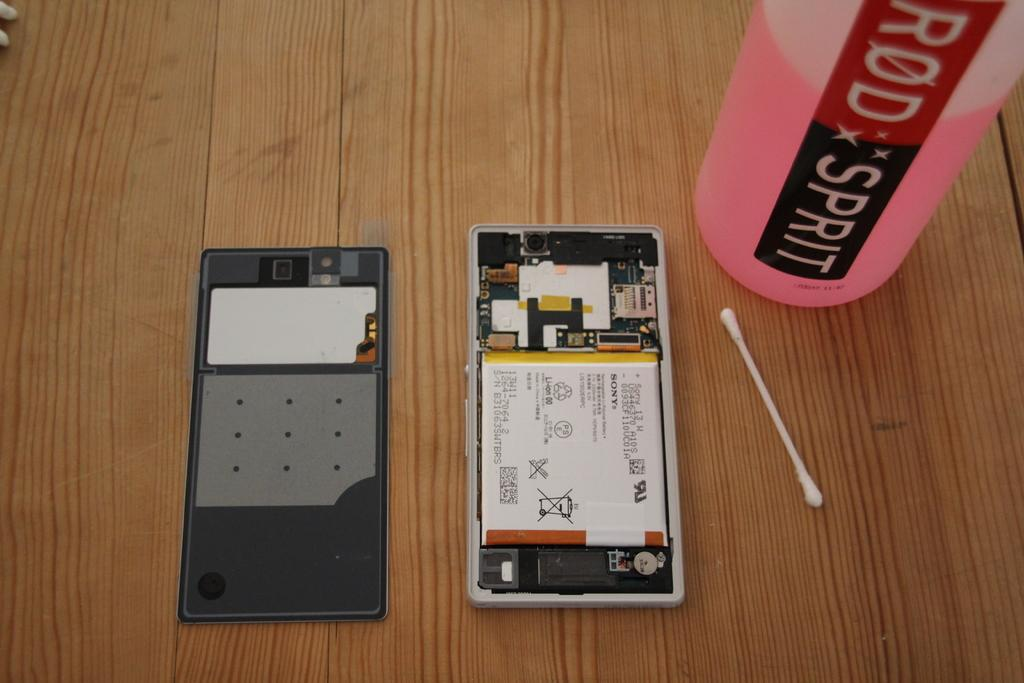What object is located on the left side of the image? There is a cup on the left side of the image. What type of device can be seen in the image? There is a mobile in the image. What material is the table made of in the image? The wooden table is present in the image. Can you describe the ear drum in the image? There is an ear drum in the image, which is a part of the human ear. What is the color of the liquid in the bottle in the image? There is a bottle with pink liquid in the image. Where is the jail located in the image? There is no jail present in the image. What type of can is visible in the image? There is no can present in the image. 
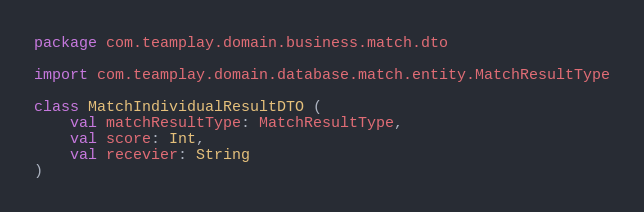Convert code to text. <code><loc_0><loc_0><loc_500><loc_500><_Kotlin_>package com.teamplay.domain.business.match.dto

import com.teamplay.domain.database.match.entity.MatchResultType

class MatchIndividualResultDTO (
    val matchResultType: MatchResultType,
    val score: Int,
    val recevier: String
)
</code> 
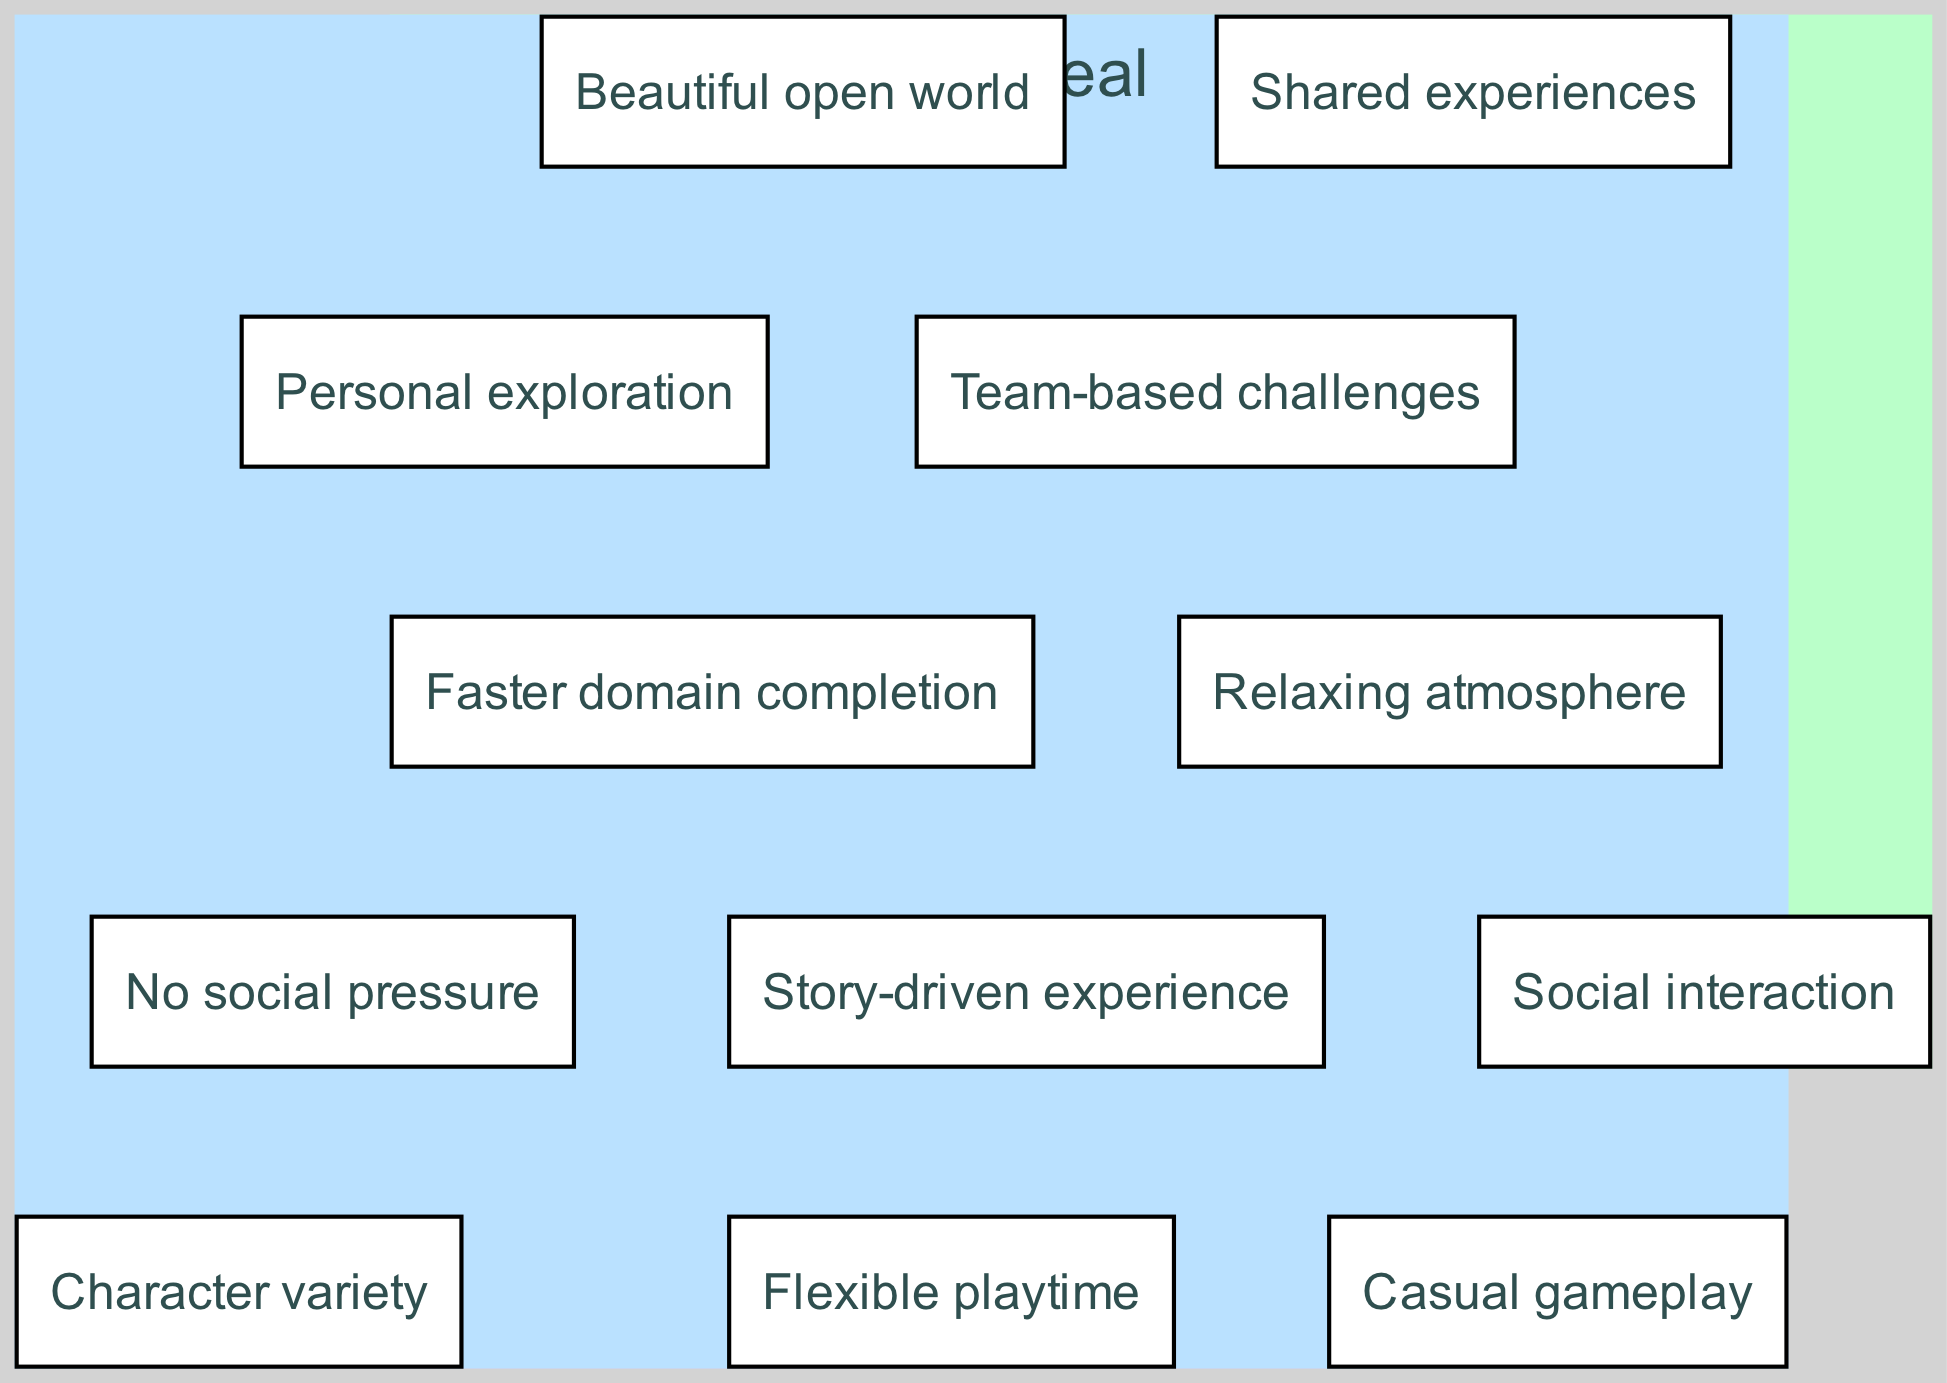What are the elements in the Single-Player Mode section? The Single-Player Mode section contains four elements: "Flexible playtime," "Story-driven experience," "Personal exploration," and "No social pressure." These elements can be directly observed listed under the Single-Player Mode node.
Answer: Flexible playtime, Story-driven experience, Personal exploration, No social pressure How many elements are listed in the Co-op Mode section? There are four elements listed under the Co-op Mode: "Social interaction," "Shared experiences," "Team-based challenges," and "Faster domain completion." By counting the items presented under the Co-op Mode node, we find there are four.
Answer: 4 What do the elements "Casual gameplay" and "Character variety" have in common? Both "Casual gameplay" and "Character variety" are listed in the Common Appeal intersection of the Venn diagram. This indicates they are appealing to both Single-Player and Co-op modes.
Answer: Both are in Common Appeal Which mode offers "Shared experiences"? The element "Shared experiences" is found exclusively in the Co-op Mode section, highlighting that this feature is particular to co-operative gameplay, as indicated by its placement under that node.
Answer: Co-op Mode What is the total number of unique elements in the diagram? The total number of unique elements is eight when you sum the four from Single-Player Mode, four from Co-op Mode, and add in the four from the intersection, without double-counting. Thus, 4 (Single-Player) + 4 (Co-op) = 8 unique elements.
Answer: 8 Which mode emphasizes a "Relaxing atmosphere"? The element "Relaxing atmosphere" is included in the Common Appeal intersection, implying that this characteristic is appreciated by players of both modes rather than being unique to one.
Answer: Common Appeal How many elements are there in the Common Appeal section? The Common Appeal section contains four elements: "Casual gameplay," "Character variety," "Beautiful open world," and "Relaxing atmosphere." By counting these listed elements, we confirm there are four in total.
Answer: 4 Which mode is preferable for "No social pressure"? The element "No social pressure" is found exclusively under the Single-Player Mode section. This indicates that playing in this mode allows for a more solitary and pressure-free experience, as specified by its placement.
Answer: Single-Player Mode

**The task**
Copy the preceding data in full and word for word, dropping its pictures.

**Task answer**
What object is located on the left side of the image? There is a cup on the left side of the image. What type of device can be seen in the image? There is a mobile in the image. What material is the table made of in the image? The wooden table is present in the image. Can you describe the ear drum in the image? There is an ear drum in the image, which is a part of the human ear. What is the color of the liquid in the bottle in the image? There is a bottle with pink liquid in the image. Where is the jail located in the image? There is no jail present in the image. What type of can is visible in the image? There is no can present in the image. 
Convert code to text. <code><loc_0><loc_0><loc_500><loc_500><_Kotlin_>package com.teamplay.domain.business.match.dto

import com.teamplay.domain.database.match.entity.MatchResultType

class MatchIndividualResultDTO (
    val matchResultType: MatchResultType,
    val score: Int,
    val recevier: String
)
</code> 
What are the elements in the Single-Player Mode section? The Single-Player Mode section contains four elements: "Flexible playtime," "Story-driven experience," "Personal exploration," and "No social pressure." These elements can be directly observed listed under the Single-Player Mode node.
Answer: Flexible playtime, Story-driven experience, Personal exploration, No social pressure How many elements are listed in the Co-op Mode section? There are four elements listed under the Co-op Mode: "Social interaction," "Shared experiences," "Team-based challenges," and "Faster domain completion." By counting the items presented under the Co-op Mode node, we find there are four.
Answer: 4 What do the elements "Casual gameplay" and "Character variety" have in common? Both "Casual gameplay" and "Character variety" are listed in the Common Appeal intersection of the Venn diagram. This indicates they are appealing to both Single-Player and Co-op modes.
Answer: Both are in Common Appeal Which mode offers "Shared experiences"? The element "Shared experiences" is found exclusively in the Co-op Mode section, highlighting that this feature is particular to co-operative gameplay, as indicated by its placement under that node.
Answer: Co-op Mode What is the total number of unique elements in the diagram? The total number of unique elements is eight when you sum the four from Single-Player Mode, four from Co-op Mode, and add in the four from the intersection, without double-counting. Thus, 4 (Single-Player) + 4 (Co-op) = 8 unique elements.
Answer: 8 Which mode emphasizes a "Relaxing atmosphere"? The element "Relaxing atmosphere" is included in the Common Appeal intersection, implying that this characteristic is appreciated by players of both modes rather than being unique to one.
Answer: Common Appeal How many elements are there in the Common Appeal section? The Common Appeal section contains four elements: "Casual gameplay," "Character variety," "Beautiful open world," and "Relaxing atmosphere." By counting these listed elements, we confirm there are four in total.
Answer: 4 Which mode is preferable for "No social pressure"? The element "No social pressure" is found exclusively under the Single-Player Mode section. This indicates that playing in this mode allows for a more solitary and pressure-free experience, as specified by its placement.
Answer: Single-Player Mode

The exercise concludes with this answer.